Kein Ruhmesblatt

Christian Holl
24. August 2011
Den Tausendfüßler würde die Stadt Düsseldorf gerne ohne Alternativplanungen abreißen – nun muss der Minister helfen. (Bild: Rheinischer Verein für Denkmalpflege und Landschaftschutz e.V.) 

1991 wurde der sogenannte Tausendfüßler unter Denkmalschutz gestellt: eine Hochstraße in Düsseldorfs Innenstadt, 1962 zwischen Königsallee und Hofgarten errichtet. Ein elegantes Tragwerk, das von einer Technikeuphorie und Planungsleitbildern der Nachkriegszeit kündet, das gemeinsam mit dem (leerstehenden) Drei-Scheiben-Haus eine uns fremde hoffnungsfrohe Aufbruchsstimmung jener Zeit repräsentiert. Ein technisches Denkmal ersten Ranges, ästhetisch wie baukonstruktiv. Doch der Denkmalschutz schützt nicht: Die Stadt Düsseldorf würde den Tausendfüßler gerne abreißen. Es ist wieder die Rede von einer zerschnittenen Stadt, von schmuddeligen Orten, von einem großen Wurf, einem neuen Herz der Stadt, dem die Brücke im Wege steht. Doch hinter all diesen schönen Schlagworten steht keine sorgfältige Planung, kein neues Leitbild – nein, der Automobilverkehr soll unter die Erde gepackt werden, neue Rampen werden entstehen, eine offene Diskussion über die Planung fand nicht statt, Alternativen, die den Erhalt der Hochstraße möglich machen würden, sind nicht erwogen worden. Nun hat der Landeskonservator, weil der den Abrisswunsch denkmalrechtlich für nicht hinreichend begründet hält, den Minister angerufen. Der forderte erst einmal die Stadt auf, bis zum 20. September den Abrisswunsch zu begründen. Wie er dann entscheiden wird, ist offen, ist er doch nicht nur Bau- und Verkehrsminister, sondern als Wirtschaftsminister auch denen verpflichtet, denen der Denkmalschutz oft genug Dorn im Auge ist. Richtig wäre, er würde die Sache wieder an die Stadt zurückgeben, mit der Aufgabe, erst einmal ein anständiges Verfahren durchzuführen: Mit Anhörung der Gegenpositionen, Vermittlungsversuchen und Alternativplanungen, kurzum mit dem Nachweis, dass der Versuch, den Denkmalschutz zu achten, ernsthaft gemacht wurde. Weitere Informationen finden Sie hier.

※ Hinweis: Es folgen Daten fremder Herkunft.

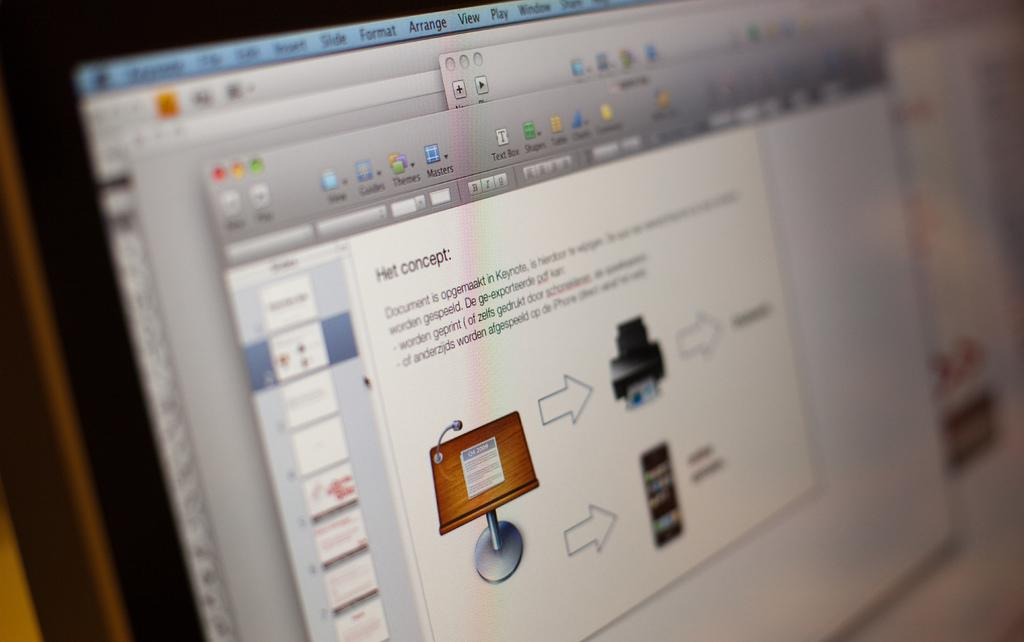<image>
Give a short and clear explanation of the subsequent image. a computer screen with an open tab that says 'het concept:' on it

Aber auch anderswo scheint man vergessen zu haben, dass es nicht die Aufgabe des Denkmalschutzes ist, bequem zu sein, den Erfüllungsgehilfen bei der Konstruktion vermarktbarer Atmosphären oder eines investorenfreundlichen Umfelds zu liefern. Schleswig-Holsteins Regierung hat einen Gesetzesentwurf verabschiedet, der den Ensembleschutz schwächt, der die Entscheidung über den Denkmalschutz Bürgermeistern und Landräten überlässt. Bei Bauten, die nach 1950 errichtet worden sind, soll der Ministerpräsident über die Denkmalschutzwürdigkeit entscheiden. Das ist nicht vermessen, sondern wird beschönigend politischer Pragmatismus genannt, der Diskussionen und ernsthafte Auseinandersetzungen vermeiden soll. "Geringfügige Änderungen" wie energetische Sanierungen müssen ebenfalls nicht mehr genehmigt werden – so sieht kulturelle Blindheit aus. Der Verband Deutscher Kunsthistoriker reagierte mit einem offenen Brief. Ob im nächsten Frühjahr eine neue Regierung bereit ist, dies wieder rückgängig zu machen? ch

Bild: Rheinischer Verein für Denkmalpflege und Landschaftschutz e.V.